Hi guys I was curious about something involving marking conditions.

Hi guys I was curious about something involving marking conditions.

Hi guys I was curious about something involving marking conditions. Can a player give themselves a condition whenever they want, similar to how they can always give influence to whomever they want?

My player has the transformed move ‘Coming at you’, which gives him a +1 against whomever he blames for giving him the condition. He is angry (in fiction) at a villain for endangering lives, so he just gave himself Angry without a move asking him to, and blaming the villain for it.

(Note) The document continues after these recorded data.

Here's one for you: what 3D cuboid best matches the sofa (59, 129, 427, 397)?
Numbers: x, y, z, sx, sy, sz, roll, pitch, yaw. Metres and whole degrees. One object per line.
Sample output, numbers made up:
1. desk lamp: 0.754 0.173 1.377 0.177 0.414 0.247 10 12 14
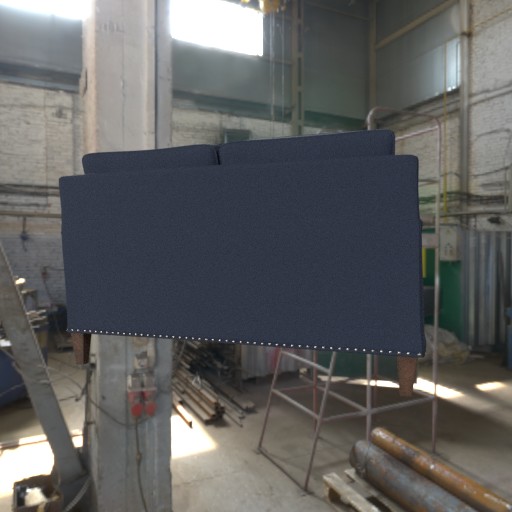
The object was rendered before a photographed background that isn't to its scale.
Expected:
1. sofa: 0.000 0.000 2.235 1.597 1.003 1.084 0 1 18
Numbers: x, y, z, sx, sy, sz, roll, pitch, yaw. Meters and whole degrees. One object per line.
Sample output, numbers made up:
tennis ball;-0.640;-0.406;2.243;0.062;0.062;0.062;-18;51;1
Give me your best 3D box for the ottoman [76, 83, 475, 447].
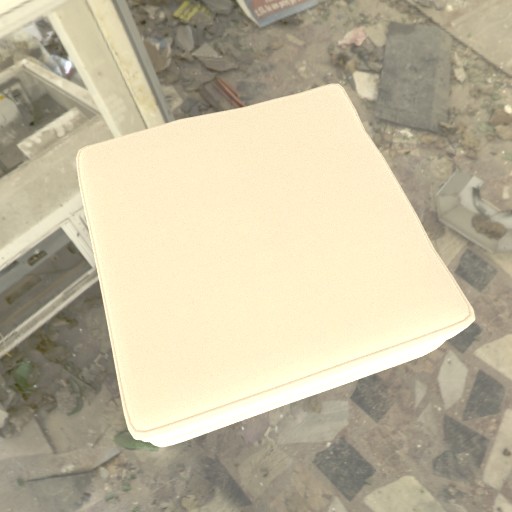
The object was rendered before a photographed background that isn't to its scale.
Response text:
ottoman;0.000;0.000;1.313;0.838;0.479;0.838;-17;65;-8
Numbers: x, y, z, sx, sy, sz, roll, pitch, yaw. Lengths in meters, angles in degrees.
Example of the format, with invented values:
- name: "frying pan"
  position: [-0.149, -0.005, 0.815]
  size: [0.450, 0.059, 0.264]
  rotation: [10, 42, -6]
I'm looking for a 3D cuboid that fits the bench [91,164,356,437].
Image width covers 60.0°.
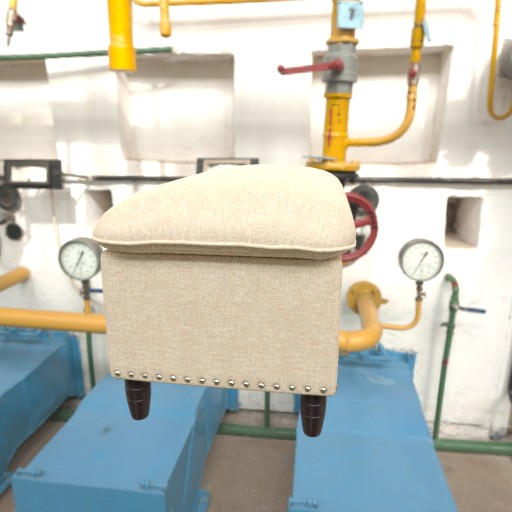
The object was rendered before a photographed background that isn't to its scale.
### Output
- name: "bench"
  position: [0.000, 0.000, 1.239]
  size: [0.483, 0.483, 0.991]
  rotation: [2, 15, 8]
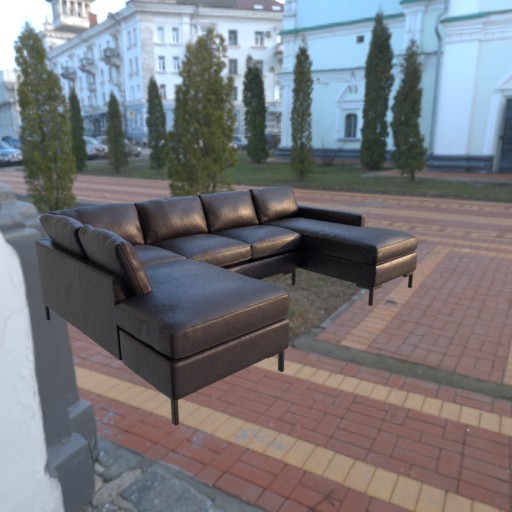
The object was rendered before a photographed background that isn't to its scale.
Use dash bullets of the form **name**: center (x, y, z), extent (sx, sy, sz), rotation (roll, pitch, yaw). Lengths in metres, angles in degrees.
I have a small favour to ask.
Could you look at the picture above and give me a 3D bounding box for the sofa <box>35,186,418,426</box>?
- **sofa**: center (0.000, 0.000, 3.758), extent (2.956, 0.900, 1.939), rotation (-14, 20, -42)
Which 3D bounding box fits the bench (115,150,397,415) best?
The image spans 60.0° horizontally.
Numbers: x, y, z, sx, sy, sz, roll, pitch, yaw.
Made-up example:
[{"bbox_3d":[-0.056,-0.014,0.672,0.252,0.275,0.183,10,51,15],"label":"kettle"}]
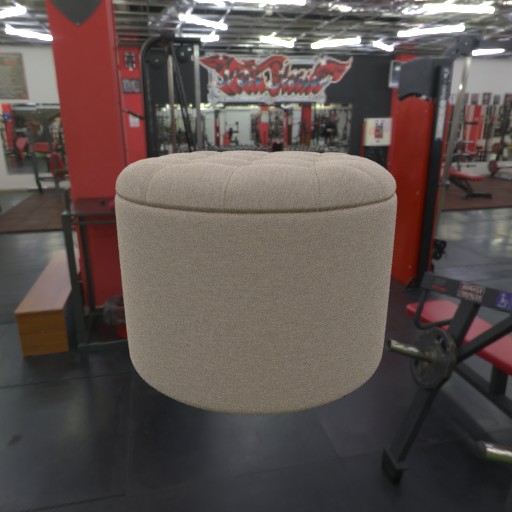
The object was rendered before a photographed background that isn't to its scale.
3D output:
[{"bbox_3d":[0.000,0.000,1.024,0.600,0.454,0.600,0,17,0],"label":"bench"}]
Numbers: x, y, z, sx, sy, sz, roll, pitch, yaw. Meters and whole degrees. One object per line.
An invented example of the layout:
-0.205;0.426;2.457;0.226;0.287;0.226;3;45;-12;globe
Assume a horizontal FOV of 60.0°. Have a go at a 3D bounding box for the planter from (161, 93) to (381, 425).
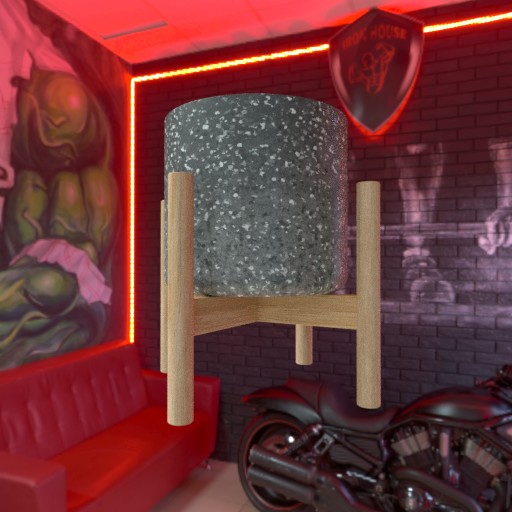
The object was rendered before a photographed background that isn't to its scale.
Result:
0.000;0.000;0.548;0.284;0.320;0.284;0;-1;-36;planter
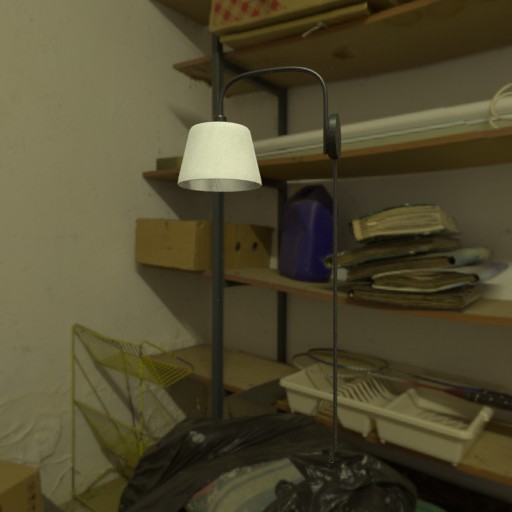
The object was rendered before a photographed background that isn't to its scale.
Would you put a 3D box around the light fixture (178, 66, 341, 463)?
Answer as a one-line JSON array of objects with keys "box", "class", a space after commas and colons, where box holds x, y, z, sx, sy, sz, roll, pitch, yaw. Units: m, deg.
[{"box": [0.000, 0.000, 0.478, 0.176, 0.399, 0.092, 0, 0, 18], "class": "light fixture"}]
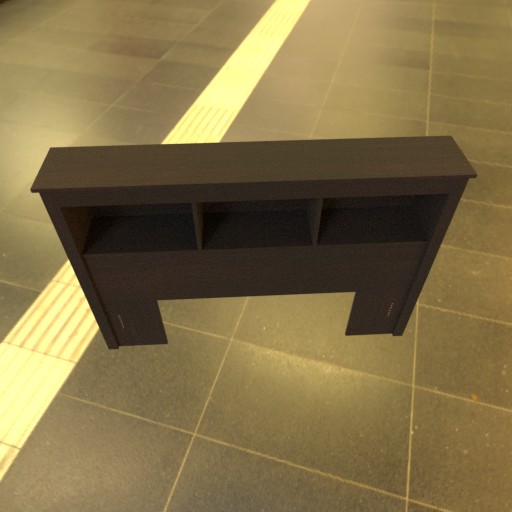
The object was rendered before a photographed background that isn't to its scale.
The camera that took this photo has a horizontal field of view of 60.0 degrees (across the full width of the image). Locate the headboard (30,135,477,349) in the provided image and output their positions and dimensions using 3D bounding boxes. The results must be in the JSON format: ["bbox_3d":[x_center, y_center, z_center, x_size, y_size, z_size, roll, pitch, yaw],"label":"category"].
[{"bbox_3d":[0.000,0.000,2.143,1.671,1.092,0.279,-2,46,-2],"label":"headboard"}]

I’m personally ok with it-because the condition has more negatives than benefits, but I wanted to find out what you guys (and potentially the game creators) thought of this situation.

4 thoughts on “Hi guys I was curious about something involving marking conditions.”

  1. I don’t think so.

    This should work but you should have a talk if this happens too frequently. At some point that level of angry just becomes their new normal.

  2. I don’t know if the rulebook says anything about this either way, but I frequently give myself conditions and I’ve always encouraged players in my games to do so as well. Only when fictionally appropriate, of course, and only where it fits the short-term, high-intensity nature of conditions: being angry that Firefly only lasted 14 episodes is different from being Angry, etc.

    With conditions being an almost purely-negative thing, mechanically, I can’t see it doing much harm, and I’ve not seen it cause any issues in play thus far. Even your Transformed with that move is only getting a +1 forward out of the bargain — valid for a single roll — and they spent a move choice or an advancement for that privilege, so if the condition fits the fiction, sure, why not?

    On the flip side, having conditions marked is awesome for encouraging players to engage with some of the coolest, less-frequently-seen elements of Masks: the comfort or support of a teammate, several playbooks’ share a vulnerability moves and all the delicious “do something reckless to clear it yourself” actions.